Description of the task: Examine the entries and show every line in which the word "bekend" is found.
[Opening Data section]
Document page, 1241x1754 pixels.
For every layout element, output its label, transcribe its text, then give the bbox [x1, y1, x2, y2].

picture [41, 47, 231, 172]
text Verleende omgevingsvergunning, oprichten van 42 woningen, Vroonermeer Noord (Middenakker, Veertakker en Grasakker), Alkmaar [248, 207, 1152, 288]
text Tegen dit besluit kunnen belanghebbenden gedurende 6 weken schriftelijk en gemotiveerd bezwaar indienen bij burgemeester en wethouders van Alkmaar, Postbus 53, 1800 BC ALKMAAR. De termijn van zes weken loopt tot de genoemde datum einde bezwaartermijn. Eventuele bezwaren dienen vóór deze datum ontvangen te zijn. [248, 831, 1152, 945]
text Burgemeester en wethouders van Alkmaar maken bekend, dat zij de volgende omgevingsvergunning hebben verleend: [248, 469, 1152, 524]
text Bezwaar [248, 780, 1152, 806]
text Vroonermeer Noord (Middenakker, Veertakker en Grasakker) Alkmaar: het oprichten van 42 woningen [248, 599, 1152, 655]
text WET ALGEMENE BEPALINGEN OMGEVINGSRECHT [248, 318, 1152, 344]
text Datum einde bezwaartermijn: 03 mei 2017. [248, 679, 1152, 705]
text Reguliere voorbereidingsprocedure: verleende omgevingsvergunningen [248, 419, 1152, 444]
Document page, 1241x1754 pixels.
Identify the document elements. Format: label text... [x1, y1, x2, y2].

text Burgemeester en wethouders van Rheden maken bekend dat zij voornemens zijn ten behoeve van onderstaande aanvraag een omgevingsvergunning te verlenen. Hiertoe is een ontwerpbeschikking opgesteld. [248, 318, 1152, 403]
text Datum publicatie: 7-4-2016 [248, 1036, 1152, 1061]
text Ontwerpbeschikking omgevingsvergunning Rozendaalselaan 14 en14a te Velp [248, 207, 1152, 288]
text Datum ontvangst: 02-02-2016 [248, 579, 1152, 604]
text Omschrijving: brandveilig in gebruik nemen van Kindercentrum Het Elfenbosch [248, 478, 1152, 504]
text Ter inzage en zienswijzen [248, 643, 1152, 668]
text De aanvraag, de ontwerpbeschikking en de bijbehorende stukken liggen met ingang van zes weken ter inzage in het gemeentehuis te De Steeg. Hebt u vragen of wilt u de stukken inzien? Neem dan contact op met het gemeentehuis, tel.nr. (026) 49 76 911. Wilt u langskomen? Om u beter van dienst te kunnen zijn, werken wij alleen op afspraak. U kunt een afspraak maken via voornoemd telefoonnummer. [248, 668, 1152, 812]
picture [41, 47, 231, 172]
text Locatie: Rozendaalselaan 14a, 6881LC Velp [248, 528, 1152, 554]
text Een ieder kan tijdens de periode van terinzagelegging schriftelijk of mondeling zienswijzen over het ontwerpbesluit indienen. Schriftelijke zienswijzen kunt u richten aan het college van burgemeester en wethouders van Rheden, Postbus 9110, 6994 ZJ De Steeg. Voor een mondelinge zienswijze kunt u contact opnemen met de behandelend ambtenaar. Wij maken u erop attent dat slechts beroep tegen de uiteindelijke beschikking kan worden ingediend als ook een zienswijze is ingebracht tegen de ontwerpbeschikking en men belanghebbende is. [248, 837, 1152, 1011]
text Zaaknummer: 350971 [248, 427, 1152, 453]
[Closing Data section]
Answer:
text Burgemeester en wethouders van Alkmaar maken bekend, dat zij de volgende omgevingsvergunning hebben verleend: [248, 469, 1152, 524]
text Burgemeester en wethouders van Rheden maken bekend dat zij voornemens zijn ten behoeve van onderstaande aanvraag een omgevingsvergunning te verlenen. Hiertoe is een ontwerpbeschikking opgesteld. [248, 318, 1152, 403]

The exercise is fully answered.